How to complete this task → Whenever a line in the records below holds the string "example", copy it out.

Materials provided →
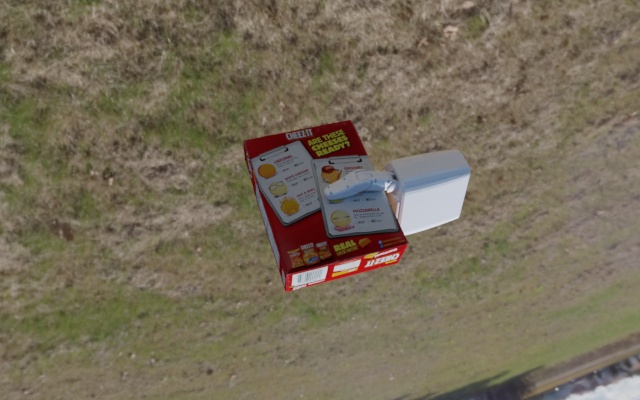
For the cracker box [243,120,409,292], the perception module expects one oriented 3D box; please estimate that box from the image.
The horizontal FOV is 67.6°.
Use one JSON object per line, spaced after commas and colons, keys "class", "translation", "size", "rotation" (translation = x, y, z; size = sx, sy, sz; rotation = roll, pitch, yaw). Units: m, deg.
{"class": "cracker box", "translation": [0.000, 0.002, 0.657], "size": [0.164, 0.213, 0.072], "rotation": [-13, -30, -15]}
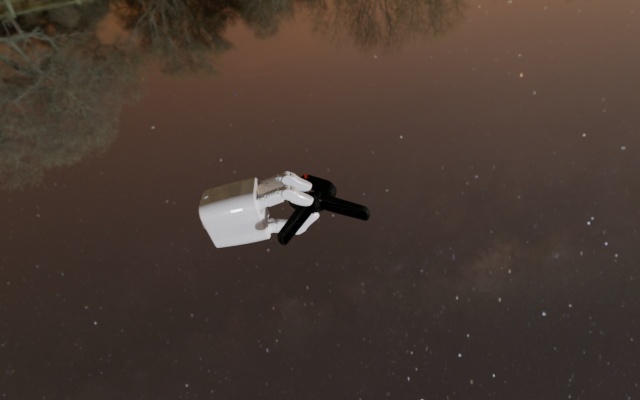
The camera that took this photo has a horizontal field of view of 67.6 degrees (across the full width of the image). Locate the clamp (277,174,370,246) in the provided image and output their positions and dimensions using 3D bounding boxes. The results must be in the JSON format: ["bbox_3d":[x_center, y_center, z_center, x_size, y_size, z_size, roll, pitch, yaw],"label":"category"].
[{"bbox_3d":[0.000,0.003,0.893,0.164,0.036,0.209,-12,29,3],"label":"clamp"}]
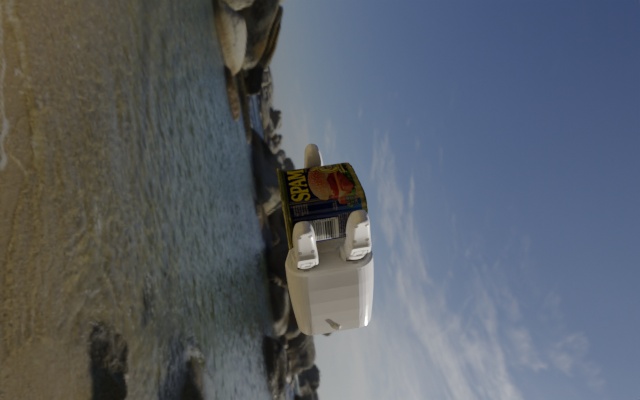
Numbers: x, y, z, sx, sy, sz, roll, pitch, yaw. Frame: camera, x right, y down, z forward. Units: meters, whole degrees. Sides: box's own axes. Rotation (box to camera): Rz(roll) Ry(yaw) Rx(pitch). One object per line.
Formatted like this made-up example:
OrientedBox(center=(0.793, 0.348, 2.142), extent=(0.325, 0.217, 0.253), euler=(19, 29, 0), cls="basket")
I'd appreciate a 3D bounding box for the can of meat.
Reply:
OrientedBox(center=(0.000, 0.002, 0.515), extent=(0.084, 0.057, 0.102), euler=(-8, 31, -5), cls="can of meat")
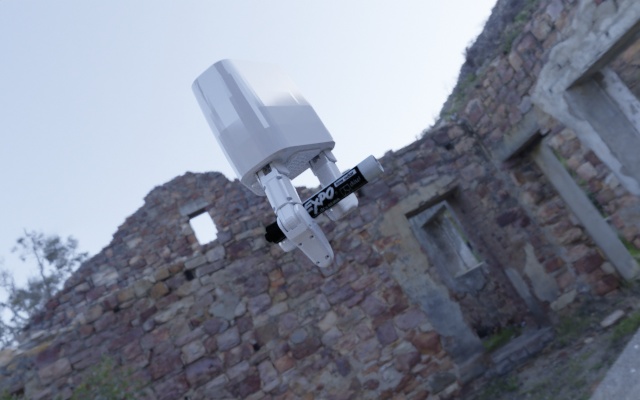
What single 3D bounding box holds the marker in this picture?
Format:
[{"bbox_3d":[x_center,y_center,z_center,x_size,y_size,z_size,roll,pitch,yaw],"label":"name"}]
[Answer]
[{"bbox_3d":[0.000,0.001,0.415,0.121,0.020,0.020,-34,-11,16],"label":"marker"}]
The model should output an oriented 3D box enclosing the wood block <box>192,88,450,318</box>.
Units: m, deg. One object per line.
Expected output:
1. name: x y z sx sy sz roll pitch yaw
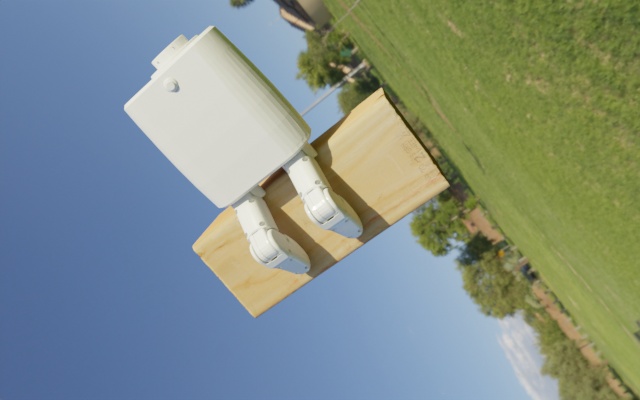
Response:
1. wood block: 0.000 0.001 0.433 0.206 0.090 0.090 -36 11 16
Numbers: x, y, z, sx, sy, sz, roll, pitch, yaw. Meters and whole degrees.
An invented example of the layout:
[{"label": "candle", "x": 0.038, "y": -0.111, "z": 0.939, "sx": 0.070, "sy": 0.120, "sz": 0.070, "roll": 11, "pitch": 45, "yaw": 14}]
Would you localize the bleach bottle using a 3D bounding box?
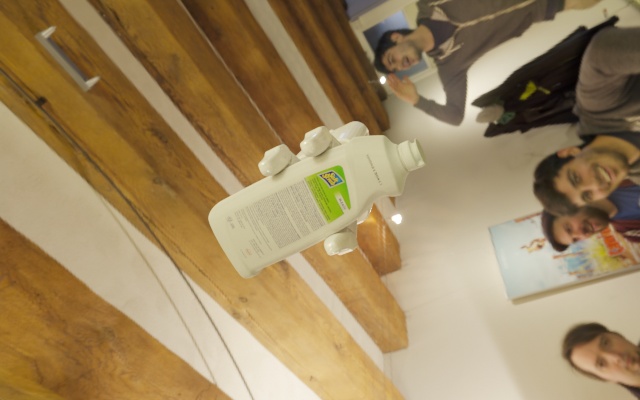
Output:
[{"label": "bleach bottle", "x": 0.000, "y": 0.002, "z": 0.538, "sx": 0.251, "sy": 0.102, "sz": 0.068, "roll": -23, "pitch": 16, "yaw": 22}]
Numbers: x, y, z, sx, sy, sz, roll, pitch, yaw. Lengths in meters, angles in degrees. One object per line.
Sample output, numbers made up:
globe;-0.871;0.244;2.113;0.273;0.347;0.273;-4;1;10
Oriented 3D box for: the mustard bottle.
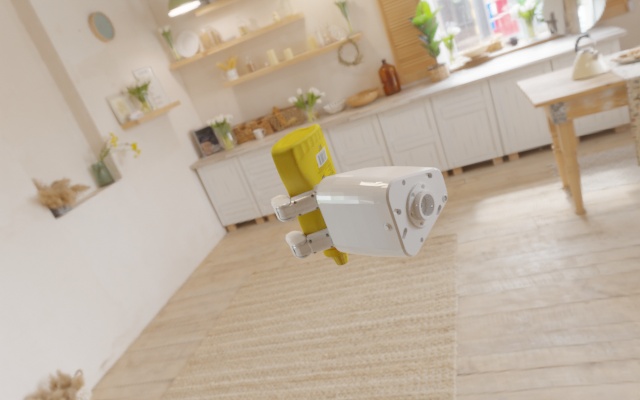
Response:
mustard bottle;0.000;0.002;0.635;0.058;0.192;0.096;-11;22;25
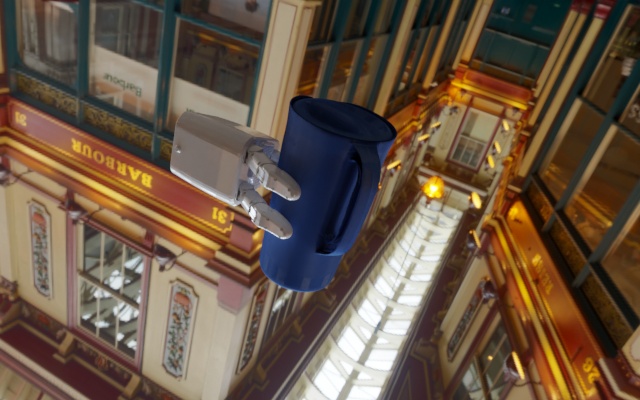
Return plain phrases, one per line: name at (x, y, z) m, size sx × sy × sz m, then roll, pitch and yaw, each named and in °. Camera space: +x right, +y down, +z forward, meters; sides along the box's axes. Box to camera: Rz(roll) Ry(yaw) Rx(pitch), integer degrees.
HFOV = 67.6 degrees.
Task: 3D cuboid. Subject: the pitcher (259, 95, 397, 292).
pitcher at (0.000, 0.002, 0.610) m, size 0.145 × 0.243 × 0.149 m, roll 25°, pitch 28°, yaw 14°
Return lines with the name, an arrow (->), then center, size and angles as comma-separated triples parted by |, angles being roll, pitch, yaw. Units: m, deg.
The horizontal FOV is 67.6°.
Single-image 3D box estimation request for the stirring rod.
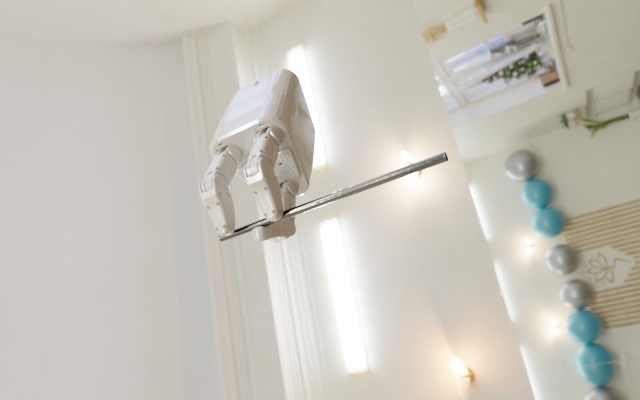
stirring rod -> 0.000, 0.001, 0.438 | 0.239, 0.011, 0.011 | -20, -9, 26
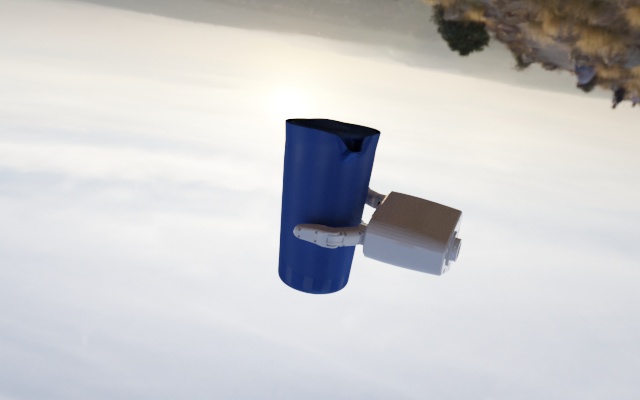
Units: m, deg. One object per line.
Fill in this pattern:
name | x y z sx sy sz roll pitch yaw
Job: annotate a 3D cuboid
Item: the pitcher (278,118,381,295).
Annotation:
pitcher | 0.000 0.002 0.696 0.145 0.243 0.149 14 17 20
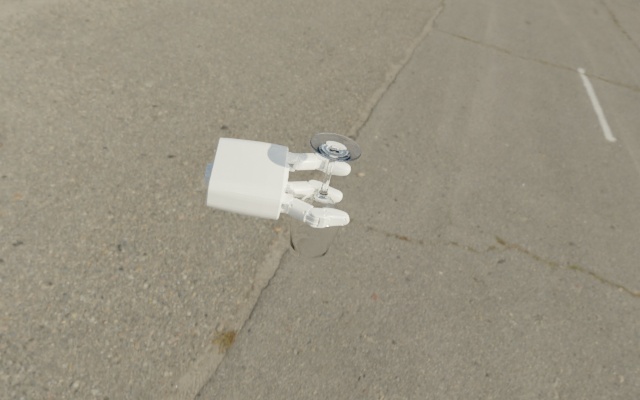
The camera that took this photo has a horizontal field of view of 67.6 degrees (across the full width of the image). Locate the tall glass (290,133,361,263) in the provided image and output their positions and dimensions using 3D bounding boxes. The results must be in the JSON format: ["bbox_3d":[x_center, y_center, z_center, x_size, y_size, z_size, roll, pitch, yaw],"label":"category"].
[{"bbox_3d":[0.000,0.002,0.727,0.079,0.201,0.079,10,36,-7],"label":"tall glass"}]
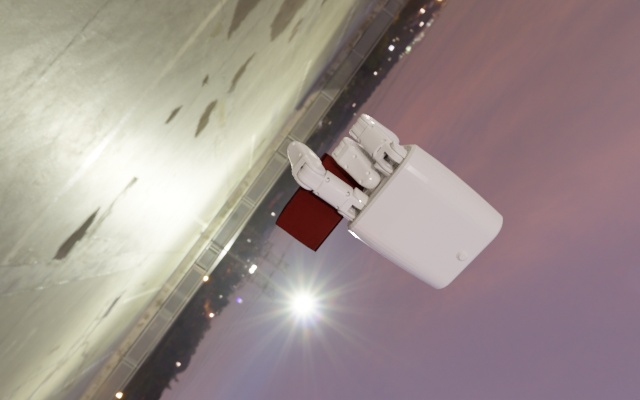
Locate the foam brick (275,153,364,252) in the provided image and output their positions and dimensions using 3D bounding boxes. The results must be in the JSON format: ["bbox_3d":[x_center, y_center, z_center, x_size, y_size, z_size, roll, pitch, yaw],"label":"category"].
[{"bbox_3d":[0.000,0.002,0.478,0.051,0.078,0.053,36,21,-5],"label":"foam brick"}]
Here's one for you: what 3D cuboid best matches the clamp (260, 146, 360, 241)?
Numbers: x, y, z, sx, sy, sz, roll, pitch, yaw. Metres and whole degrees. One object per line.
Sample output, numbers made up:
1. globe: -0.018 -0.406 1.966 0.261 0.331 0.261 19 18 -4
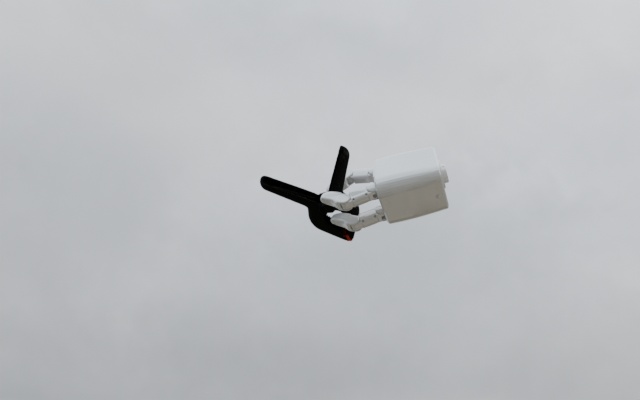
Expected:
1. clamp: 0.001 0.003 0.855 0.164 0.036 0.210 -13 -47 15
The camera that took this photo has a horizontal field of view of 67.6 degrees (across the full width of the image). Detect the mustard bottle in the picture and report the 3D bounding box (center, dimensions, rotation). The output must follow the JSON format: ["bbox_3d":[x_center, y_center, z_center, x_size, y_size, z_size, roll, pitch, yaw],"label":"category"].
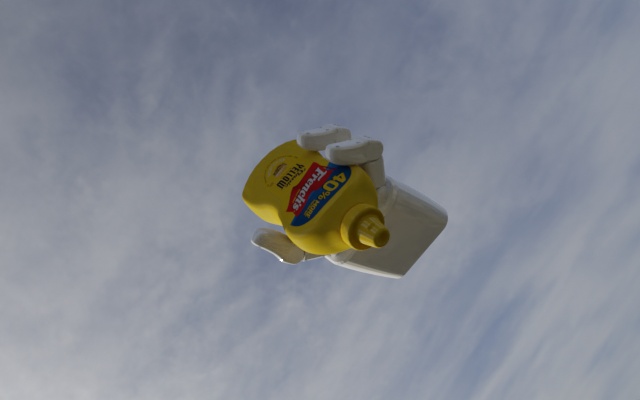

Finished task →
Formatted like this made-up example:
An invented example of the layout:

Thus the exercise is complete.